Revelling in Chenin Blanc

Thursday, 5 September, 2019
WOSA Blog, Fiona McDonald
Gnarled, twisted stumpy little vines stuck out between rows of lush bright green cover crop. Here and there was the odd gap or an obviously younger vine being cultivated. Planted in 1952 this block of Chenin Blanc is just one of South Africa’s vinous treasures and is what creates Bosman’s highly regarded Optenhorst Chenin Blanc.

It was supposed to be ripped out in 2007 but winemaker Corlea Fourie pleaded its case. “We’re fairly certain it’s a massal selection with a variety of clones and rootstocks all interplanted,” Fourie said.

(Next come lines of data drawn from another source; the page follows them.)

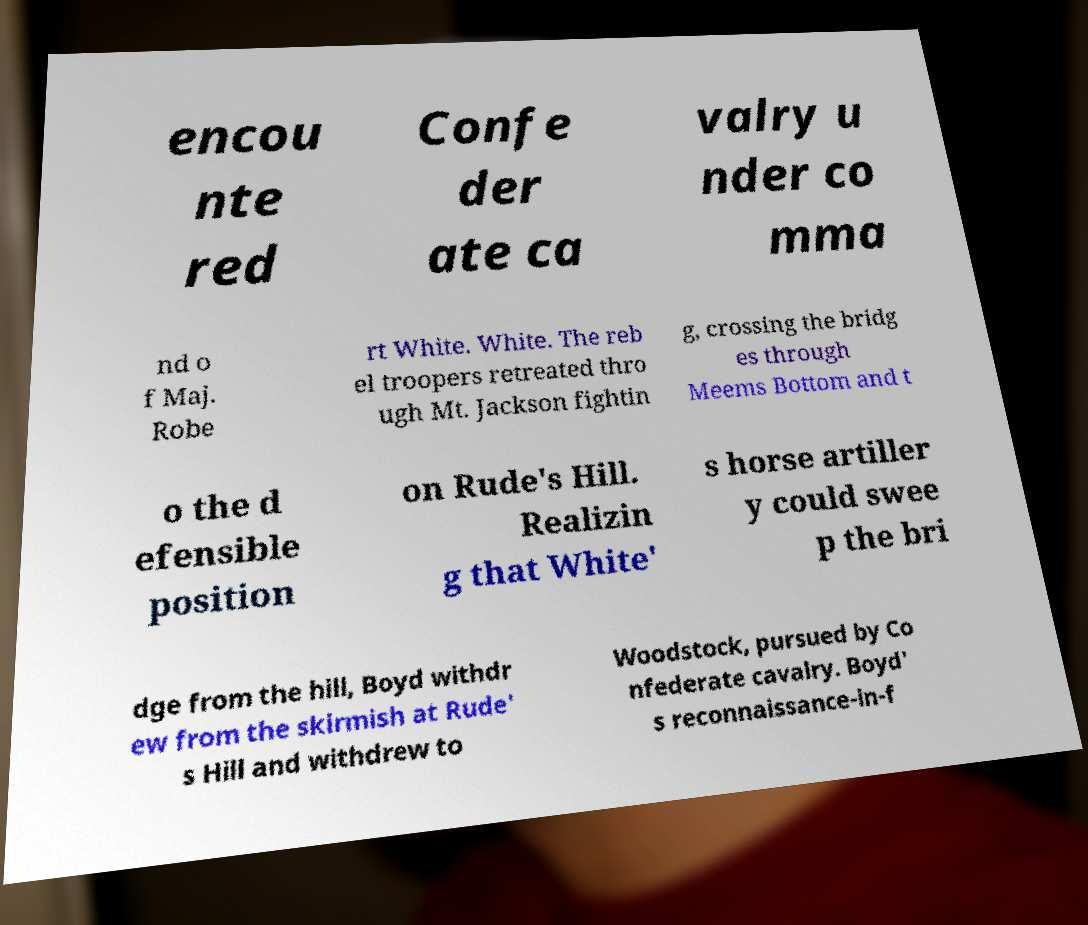Can you read and provide the text displayed in the image?This photo seems to have some interesting text. Can you extract and type it out for me? encou nte red Confe der ate ca valry u nder co mma nd o f Maj. Robe rt White. White. The reb el troopers retreated thro ugh Mt. Jackson fightin g, crossing the bridg es through Meems Bottom and t o the d efensible position on Rude's Hill. Realizin g that White' s horse artiller y could swee p the bri dge from the hill, Boyd withdr ew from the skirmish at Rude' s Hill and withdrew to Woodstock, pursued by Co nfederate cavalry. Boyd' s reconnaissance-in-f 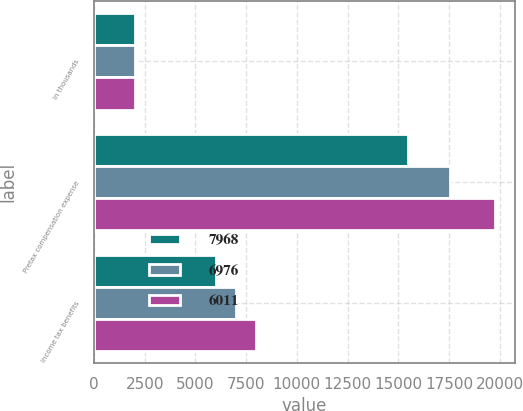Convert chart. <chart><loc_0><loc_0><loc_500><loc_500><stacked_bar_chart><ecel><fcel>in thousands<fcel>Pretax compensation expense<fcel>Income tax benefits<nl><fcel>7968<fcel>2012<fcel>15491<fcel>6011<nl><fcel>6976<fcel>2011<fcel>17537<fcel>6976<nl><fcel>6011<fcel>2010<fcel>19746<fcel>7968<nl></chart> 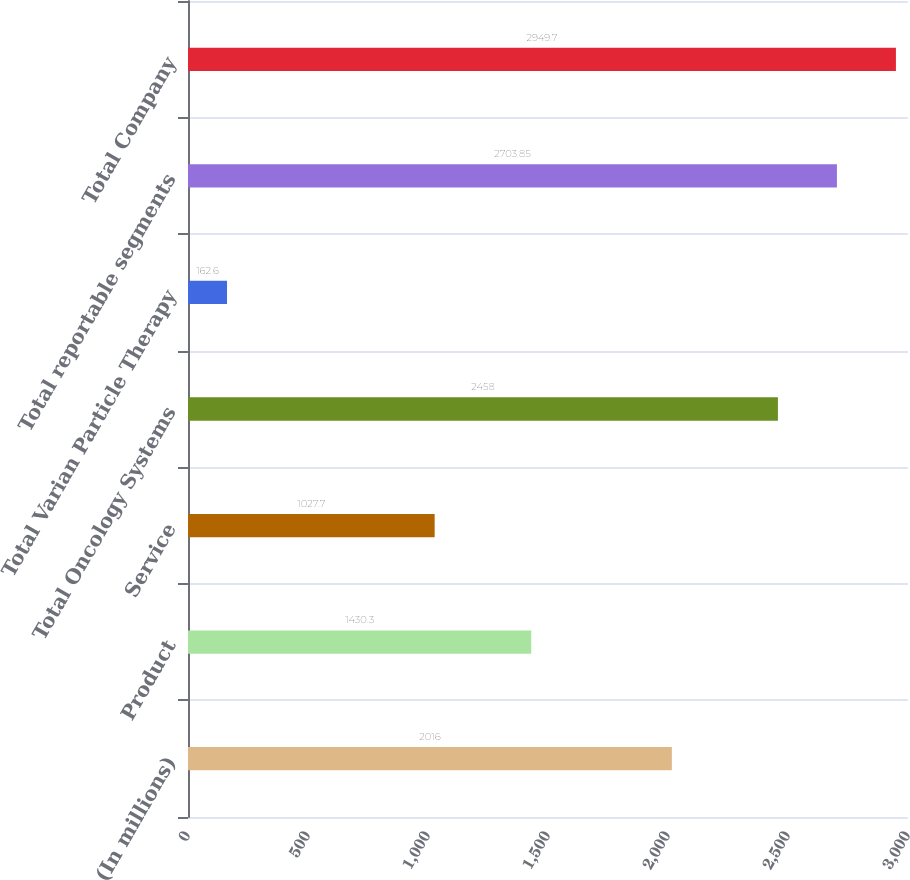<chart> <loc_0><loc_0><loc_500><loc_500><bar_chart><fcel>(In millions)<fcel>Product<fcel>Service<fcel>Total Oncology Systems<fcel>Total Varian Particle Therapy<fcel>Total reportable segments<fcel>Total Company<nl><fcel>2016<fcel>1430.3<fcel>1027.7<fcel>2458<fcel>162.6<fcel>2703.85<fcel>2949.7<nl></chart> 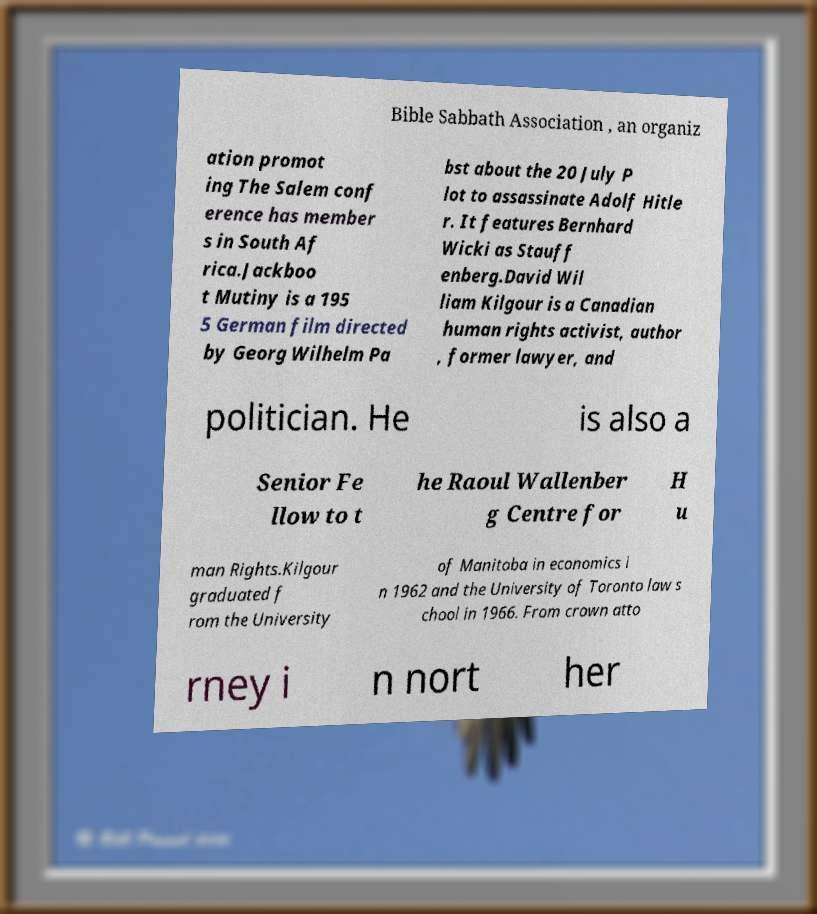I need the written content from this picture converted into text. Can you do that? Bible Sabbath Association , an organiz ation promot ing The Salem conf erence has member s in South Af rica.Jackboo t Mutiny is a 195 5 German film directed by Georg Wilhelm Pa bst about the 20 July P lot to assassinate Adolf Hitle r. It features Bernhard Wicki as Stauff enberg.David Wil liam Kilgour is a Canadian human rights activist, author , former lawyer, and politician. He is also a Senior Fe llow to t he Raoul Wallenber g Centre for H u man Rights.Kilgour graduated f rom the University of Manitoba in economics i n 1962 and the University of Toronto law s chool in 1966. From crown atto rney i n nort her

She was part of a group of Chenin focussed folks who had just returned from the Chenin Blanc International Congress, held in Angers, France – and also inducted into the Confrerie Chevaliers de la Chantepleure Vouvray alongside a few other fellow South African Chenin imbongis.

South Africa is to host the next event in July 2021. “What can we possibly do to try and measure up to the history and tradition that they have in the Loire?” Fourie mused.

Having just read Tim Atkin’s thoughts on how South Africa’s performance on the world stage – with Chenin Blanc – had actually reinvigorated the Loire’s efforts and improved their sales, it was surprising to hear.

Can South Africa compete with the Loire’s tradition and fraternal organisations? No. But is it necessary when South African Chenin Blanc, particularly old vine Chenin, is patently thriving and reinvigorating a category that was almost moribund until 25 years ago.